#### DATA FOR THIS TASK
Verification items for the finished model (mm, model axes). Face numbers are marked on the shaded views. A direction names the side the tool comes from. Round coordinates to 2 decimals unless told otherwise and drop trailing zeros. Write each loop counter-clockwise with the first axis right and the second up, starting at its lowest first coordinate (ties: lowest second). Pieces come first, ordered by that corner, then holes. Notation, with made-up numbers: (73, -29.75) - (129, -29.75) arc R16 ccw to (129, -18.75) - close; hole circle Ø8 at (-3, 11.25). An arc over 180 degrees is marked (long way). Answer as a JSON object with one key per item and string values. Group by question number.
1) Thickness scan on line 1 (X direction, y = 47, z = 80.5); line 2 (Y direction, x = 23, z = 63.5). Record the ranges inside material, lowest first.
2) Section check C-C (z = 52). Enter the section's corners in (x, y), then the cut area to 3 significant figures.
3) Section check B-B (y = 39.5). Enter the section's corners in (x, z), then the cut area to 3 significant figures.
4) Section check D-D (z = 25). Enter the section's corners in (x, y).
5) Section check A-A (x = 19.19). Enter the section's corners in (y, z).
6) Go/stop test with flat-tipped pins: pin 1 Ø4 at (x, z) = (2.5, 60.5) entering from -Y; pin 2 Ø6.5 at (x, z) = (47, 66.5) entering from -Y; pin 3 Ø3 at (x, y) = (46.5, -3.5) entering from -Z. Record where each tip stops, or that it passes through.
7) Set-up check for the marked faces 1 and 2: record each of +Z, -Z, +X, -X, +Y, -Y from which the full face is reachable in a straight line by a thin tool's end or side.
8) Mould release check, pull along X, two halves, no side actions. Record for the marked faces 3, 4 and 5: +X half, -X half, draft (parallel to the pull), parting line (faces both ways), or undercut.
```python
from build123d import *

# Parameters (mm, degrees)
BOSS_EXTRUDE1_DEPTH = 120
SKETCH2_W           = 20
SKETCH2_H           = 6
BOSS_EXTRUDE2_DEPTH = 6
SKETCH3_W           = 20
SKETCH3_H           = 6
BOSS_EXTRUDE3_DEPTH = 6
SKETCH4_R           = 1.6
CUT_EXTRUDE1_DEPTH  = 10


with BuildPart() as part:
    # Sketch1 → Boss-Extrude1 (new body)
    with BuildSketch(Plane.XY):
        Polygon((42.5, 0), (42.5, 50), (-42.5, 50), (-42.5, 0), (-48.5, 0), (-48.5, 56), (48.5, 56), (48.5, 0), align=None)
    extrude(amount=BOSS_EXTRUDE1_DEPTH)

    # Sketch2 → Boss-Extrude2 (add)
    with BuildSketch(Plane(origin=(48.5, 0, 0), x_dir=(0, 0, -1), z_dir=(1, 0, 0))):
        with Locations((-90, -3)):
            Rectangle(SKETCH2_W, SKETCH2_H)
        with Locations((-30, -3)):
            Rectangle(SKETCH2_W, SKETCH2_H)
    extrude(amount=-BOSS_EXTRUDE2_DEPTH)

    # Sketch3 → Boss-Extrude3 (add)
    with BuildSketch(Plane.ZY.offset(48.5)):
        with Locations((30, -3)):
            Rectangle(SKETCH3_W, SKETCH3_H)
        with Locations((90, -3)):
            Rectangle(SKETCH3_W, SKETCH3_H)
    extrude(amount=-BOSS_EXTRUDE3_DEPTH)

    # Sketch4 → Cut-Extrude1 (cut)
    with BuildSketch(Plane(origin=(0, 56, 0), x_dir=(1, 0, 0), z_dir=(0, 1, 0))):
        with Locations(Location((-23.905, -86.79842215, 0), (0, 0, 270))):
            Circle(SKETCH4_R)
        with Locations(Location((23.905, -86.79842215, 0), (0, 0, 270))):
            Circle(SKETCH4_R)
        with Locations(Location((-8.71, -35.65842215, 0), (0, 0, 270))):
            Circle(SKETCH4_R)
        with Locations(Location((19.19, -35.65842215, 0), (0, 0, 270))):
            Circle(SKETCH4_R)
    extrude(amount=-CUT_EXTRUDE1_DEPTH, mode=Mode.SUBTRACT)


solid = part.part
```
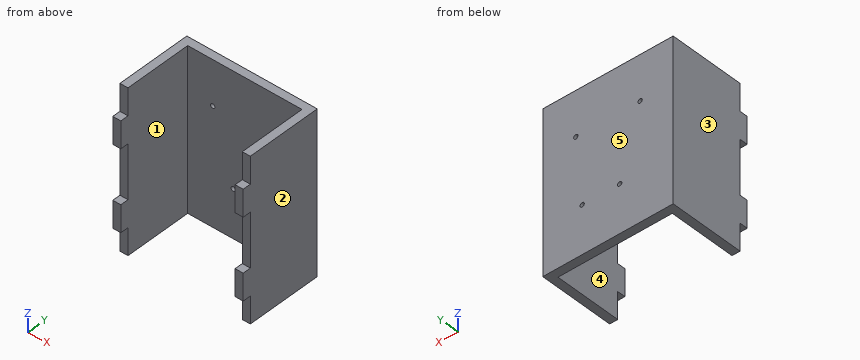
Returned:
{
 "1": {"line 1": "-48.5 to -42.5, 42.5 to 48.5", "line 2": "50 to 56"},
 "2": {"outline": "(-48.5, 0) - (-42.5, 0) - (-42.5, 50) - (42.5, 50) - (42.5, 0) - (48.5, 0) - (48.5, 56) - (-48.5, 56) - close", "area": "1,180 mm2"},
 "3": {"outline": "(-48.5, 0) - (-42.5, 0) - (-42.5, 120) - (-48.5, 120) - close; (42.5, 0) - (48.5, 0) - (48.5, 120) - (42.5, 120) - close", "area": "1,440 mm2"},
 "4": {"outline": "(-48.5, -6) - (-42.5, -6) - (-42.5, 50) - (42.5, 50) - (42.5, -6) - (48.5, -6) - (48.5, 56) - (-48.5, 56) - close"},
 "5": {"outline": "(50, 0) - (56, 0) - (56, 34.06) - (50, 34.06) - close; (50, 37.26) - (56, 37.26) - (56, 120) - (50, 120) - close"},
 "6": {"pin 1": "y = 50", "pin 2": "y = 0", "pin 3": "z = 20"},
 "7": {"face 1": "+Z, -Z, -Y", "face 2": "+Z, -Z, +X, +Y, -Y"},
 "8": {"face 3": "-X half", "face 4": "undercut", "face 5": "draft"}
}
Can you work these out from the model? Positions are in its coordinate system, mm. A direction names the side the tool comes from. Coordinates: 2 decimals unless noted, no trailing zeros. Loops run counter-clockwise (first coordinate to the right, second up) from the corner with the lowest first, then second, coordinate; pieces in that order, holes last.
```python
from build123d import *

# Parameters (mm, degrees)
SKETCH1_W           = 127
SKETCH1_H           = 190.5
BOSS_EXTRUDE1_DEPTH = 2.54
SKETCH3_W           = 2.54
SKETCH3_H           = 185.42
SKETCH3_W_2         = 116.84
SKETCH3_H_2         = 2.54
BOSS_EXTRUDE2_DEPTH = 19.05
SKETCH4_W           = 2.54
SKETCH4_H           = 15.24
SKETCH4_W_2         = 116.84
SKETCH4_H_2         = 2.54
BOSS_EXTRUDE3_DEPTH = 50.8
FILLET2_R           = 2.54


with BuildPart() as part:
    # Sketch1 → Boss-Extrude1 (new body)
    with BuildSketch(Plane.XY):
        with Locations((63.5, 95.25)):
            Rectangle(SKETCH1_W, SKETCH1_H)
    extrude(amount=BOSS_EXTRUDE1_DEPTH)

    # Sketch3 → Boss-Extrude2 (add)
    with BuildSketch(Plane.XY.offset(2.54)):
        with Locations((1.27, 92.71)):
            Rectangle(SKETCH3_W, SKETCH3_H)
        with Locations((63.5, 189.23)):
            Rectangle(SKETCH3_W_2, SKETCH3_H_2)
        with Locations((125.73, 92.71)):
            Rectangle(SKETCH3_W, SKETCH3_H)
    extrude(amount=BOSS_EXTRUDE2_DEPTH)

    # Sketch4 → Boss-Extrude3 (add)
    with BuildSketch(Plane.XY.offset(21.59)):
        with Locations((1.27, 177.8)):
            Rectangle(SKETCH4_W, SKETCH4_H)
        with Locations((63.5, 189.23)):
            Rectangle(SKETCH4_W_2, SKETCH4_H_2)
        with Locations((125.73, 177.8)):
            Rectangle(SKETCH4_W, SKETCH4_H)
    extrude(amount=BOSS_EXTRUDE3_DEPTH)

    # Fillet2
    fillet2_edges = [part.edges().sort_by_distance(p)[0] for p in [
        (1.27, 170.18, 21.59),
        (0, 190.5, 1.27),
        (125.73, 170.18, 21.59),
        (127, 190.5, 1.27),
    ]]
    fillet(fillet2_edges, radius=FILLET2_R)


solid = part.part
```
Item 1: Suppose I cut it at A-A, the plane z = 64.5. Please give me the cut outline in (x, y).
Results are:
outline: (0, 170.18) - (2.54, 170.18) - (2.54, 185.42) - (0, 185.42) - close; (5.08, 187.96) - (121.92, 187.96) - (121.92, 190.5) - (5.08, 190.5) - close; (124.46, 170.18) - (127, 170.18) - (127, 185.42) - (124.46, 185.42) - close
Item 2: Suppose I cut it at C-C, the plane z = 11. Please give me the cut outline in (x, y).
Results are:
outline: (0, 0) - (2.54, 0) - (2.54, 185.42) - (0, 185.42) - close; (5.08, 187.96) - (121.92, 187.96) - (121.92, 190.5) - (5.08, 190.5) - close; (124.46, 0) - (127, 0) - (127, 185.42) - (124.46, 185.42) - close
Item 3: We'd pull the mould along X, two halves only. Please class faces 1 (the face through (0, 114, 20)), 2 (the face through (49, 0, 2)), 3 (the face through (127, 114, 20)), 4 (the face through (124.46, 112, 21)): +X half, -X half, draft (parallel to the pull), parting line (faces both ways), or undercut.
Results are:
face 1: -X half
face 2: draft
face 3: +X half
face 4: undercut
Item 4: I need wall thicknesses on line 1 along X through (y, z) = (182, 44); line 2 along Z through (x, y) = (85.5, 55.5); line 3 along Y through (x, z) = (113.5, 67.5). Which ranges of each line are inside material? Lowest first, please.
Results are:
line 1: x = 0 to 2.54, 124.46 to 127
line 2: z = 0 to 2.54
line 3: y = 187.96 to 190.5
Item 5: Suppose I cut it at D-D, the plane x = 58. Please give me the cut outline in (y, z).
Results are:
outline: (0, 0) - (190.5, 0) - (190.5, 72.39) - (187.96, 72.39) - (187.96, 2.54) - (0, 2.54) - close
Item 6: On a 3-axis mill with a long thin cutter (end or side, diameter ignored), from which of +Z, -Z, +X, -X, +Y, -Y can I reach the whole of each face in a straight line? I mean faces 5 (the face through (63, 187.96, 37)), 6 (the face through (2.54, 112, 21)), 7 (the face through (63, 97, 0)). Say none if no direction works.
Results are:
face 5: +Z, +X, -X, -Y
face 6: +Z, +Y, -Y
face 7: -Z, +X, -X, +Y, -Y
Item 7: Suppose I cut it at B-B, the plane y = 57. Please give me the cut outline in (x, z).
Results are:
outline: (0, 0) - (127, 0) - (127, 21.59) - (124.46, 21.59) - (124.46, 2.54) - (2.54, 2.54) - (2.54, 21.59) - (0, 21.59) - close
Item 8: I'm going to push flat-ended pins straight in: P1, Ø1, axis at x = 68.5, y = 77.5, coming from the +Z side; P2, Ø0.8, axis at x = 2, y = 62.5, coming from the +Z side; P3, Ø1.5, axis at x = 75.5, z = 20, coming from the -Y side; P4, Ø21, axis at y = 73.5, z = 39, coming from the -X side. Where does each tip first touch, or does it pass through?
Results are:
P1: stops at z = 2.54
P2: stops at z = 21.59
P3: stops at y = 187.96
P4: passes through

#### TASK
Tell how many lines of the entries above include "that". The answer should be the number and nothing more.

#### TASK ANSWER
3